Rotavirus gastroenteritis is the leading cause of diarrhea-associated hospitalizations and death in children younger than 5 years of age. Rotavirus illness is caused by a virus which enters the body by mouth and infects the intestines. It is a particularly hardy and contagious virus, capable of surviving on inanimate surfaces for long periods and spreading readily from child to child and also to adults. Large quantities of virus are shed in the stool both prior and following acute illness which is characterized by fever, vomiting, and watery diarrhea. Illness typically lasts 3-7 days; death may ensue due to severe dehydration. Since the infection is caused by a virus, antibiotics and antiparasitic drugs are ineffective, and care is primarily supportive. Prior to the development of effective vaccines, 80% of children in the U.S. would develop rotavirus gastroenteritis. Elsewhere in developing countries, the numbers were staggering with more than 500,000 deaths occurring annually in children under 5 years old.
The first rotavirus vaccine, RotaShield (Wyeth Laboratories) was licensed in the United States in 1998 but was withdrawn in 1999 due to a suspected association with intussusception, a type of bowel obstruction. In 2006, RotaTeq (GlaxoSmithKline) was FDA approved, followed by Rotarix (Merck) in 2008. Both are live, attenuated, oral vaccines requiring either a 3 dose or a 2 dose series and have shown significant efficacy in the range of 80-90% in middle and high income countries. Prior to 2006 when routine rotavirus vaccination was recommended, rotavirus gastroenteritis was estimated to result in 400,000 visits to physician’s offices, 200,000 visits to Emergency Rooms, 55,000 hospitalizations, and 20-60 deaths annually among children under 5 years of age in the U.S. for an estimated total cost close to $300 million. Since introduction of the vaccine, the impact has been striking; hospitalizations and rotavirus-related Emergency Room visits have decreased by 80%. In addition, by vaccinating infants, serious rotavirus infections among older children and adults have demonstrated similar declines, presumably through the so-called “herd effect” resulting from wide-spread immunization practice. In summary, clinical trials and experience of rotavirus vaccines in middle and high income countries have demonstrated high efficacy against serious rotavirus disease. Rotavirus vaccination works!
Despite the high efficacy rates of RotaTeq and Rotarix vaccines in middle and high income countries, clinical studies consistently demonstrate lower efficacy rates in the range of 37-61% with either vaccine in the lowest income nations where the burden of rotavirus infection is greatest. Such performance is typical of other live oral vaccines in similar populations. The reasons are not completely understood, but factors such as earlier onset of recurrent episodes of infectious diarrhea, different gut microbiome, the presence of neutralizing antibodies, poor nutritional status, and varying circulating rotavirus strains may play a role. Nevertheless, even a moderately effective vaccine can have a huge public health impact when introduced into a population where the burden of disease is great, especially when combined with the herd protection that occurs when most children in an area are vaccinated and immune.
In 2000, the Global Alliance for Vaccines and Immunization (Gavi) was founded as a public-private global health partnership with the intent to improve childhood immunization coverage in poor countries and increase access to new vaccines. By design, Gavi leverages not only financial resources but also expertise to make vaccines more available, affordable, and their provision more sustainable. The two current rotavirus vaccines obtained prequalification by the World Health Organization (WHO) in 2008 which followed with UNICEF procurement of the vaccines through the financial support of Gavi. These vaccines have been introduced in 42 Gavi-eligible countries and in 6 additional countries classified as low and middle income and have had a major impact on rotavirus-associated hospitalizations and deaths in all settings.

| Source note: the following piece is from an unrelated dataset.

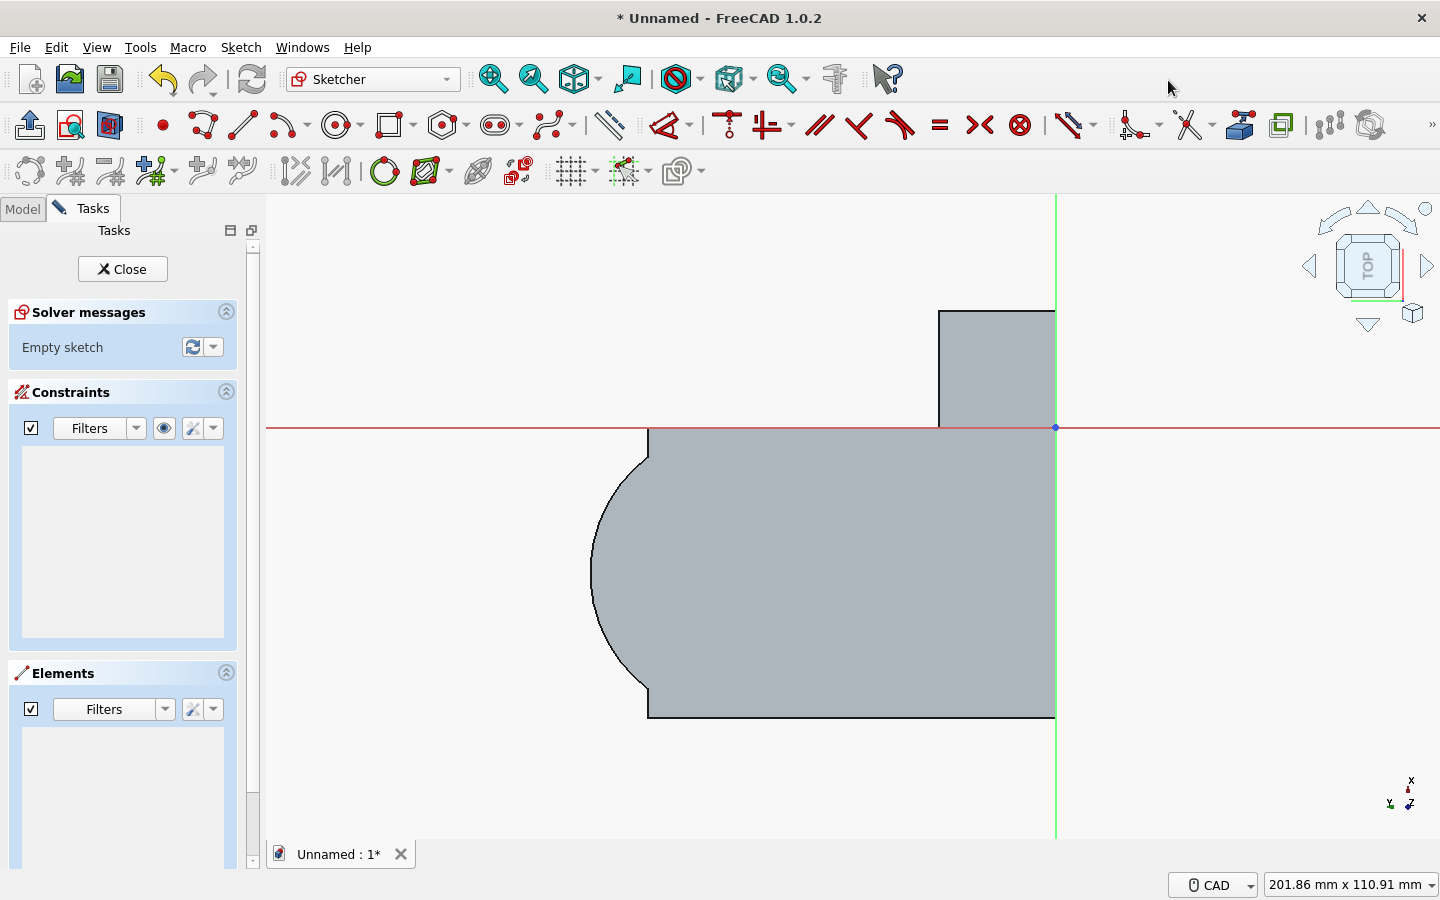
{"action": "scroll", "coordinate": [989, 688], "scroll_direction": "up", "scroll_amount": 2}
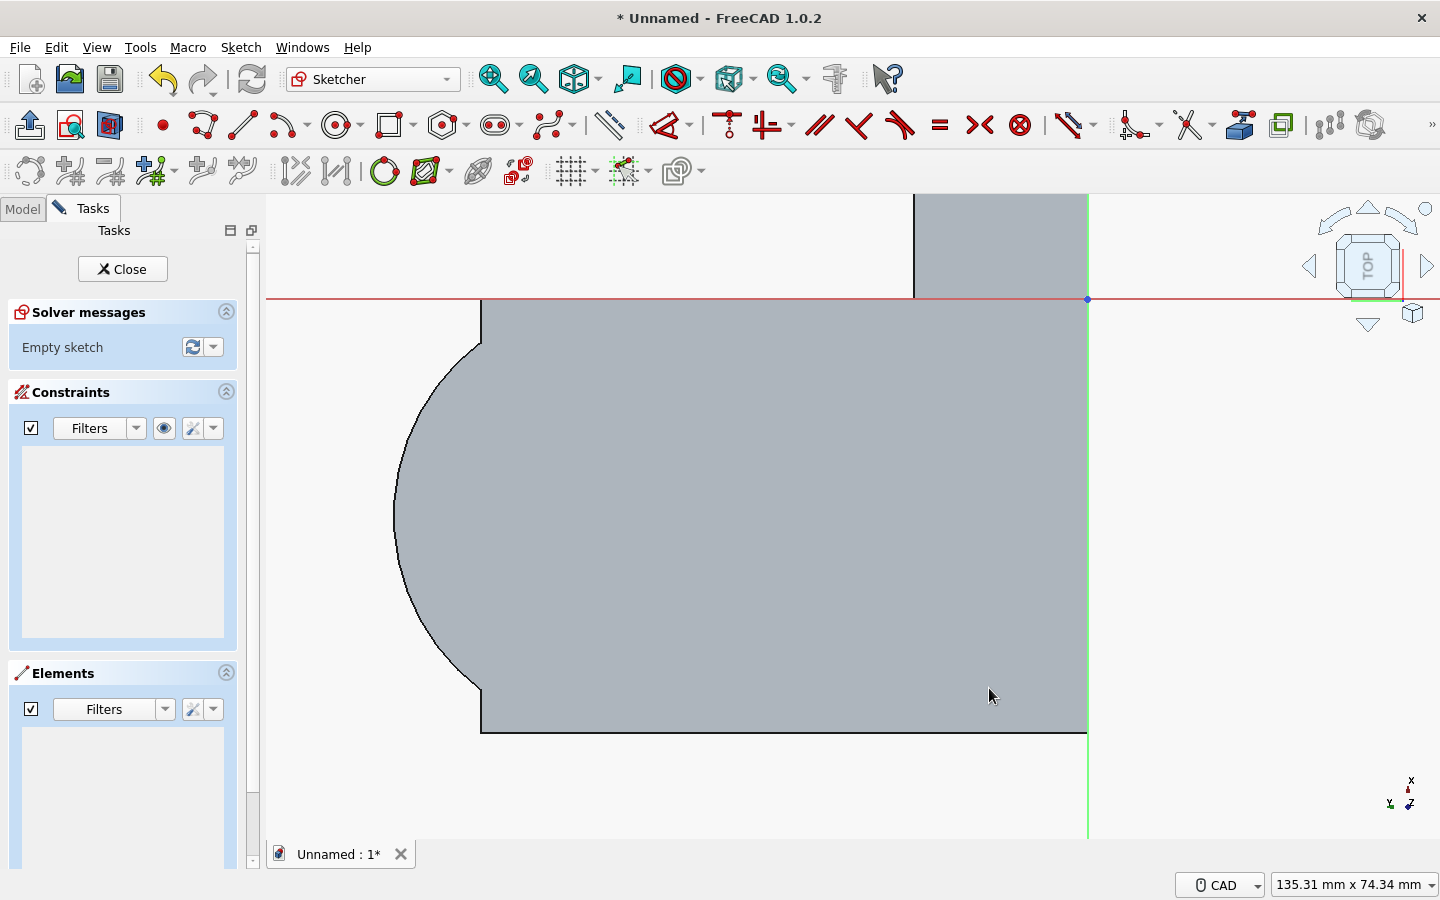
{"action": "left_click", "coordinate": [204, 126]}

According to WHO estimates in 2013, approximately 215,000 children under 5 years of age die each year from vaccine-preventable rotavirus infections with almost half of them in 4 countries: India, Pakistan, Nigeria, and Democratic Republic of Congo. Ten countries account for almost 2/3 of all deaths. It is in this context that findings recently published in the New England Journal of Medicine related to a new vaccine against rotavirus are incredibly encouraging. The study reported by Isanaka et al. was conducted in Niger in Sub-Saharan Africa, a region with the highest rate of death associated with rotavirus disease and where the current cost of vaccines is probably unsustainable and where refrigeration and transportation are unreliable. The new vaccine, BRV-PV (Rotasil), is a live, oral rotavirus vaccine manufactured by Serum Institute of India and is lower in cost relative to existing vaccines and heat stable for as long as 6 months at 104 degrees F. and for 2 years at 98.6 degrees F. In a double-blind, placebo-controlled randomized trial including over 4000 healthy infants, the new vaccine was found to have a calculated efficacy rate of 67% with no apparent short term adverse events. Since existing vaccines are costly and require refrigeration, the new vaccine provides major advantages in resource-constrained countries where the burden of rotavirus is greatest. If further surveillance continues to yield good findings, the new vaccine promises to provide a giant step in the progress against rotavirus.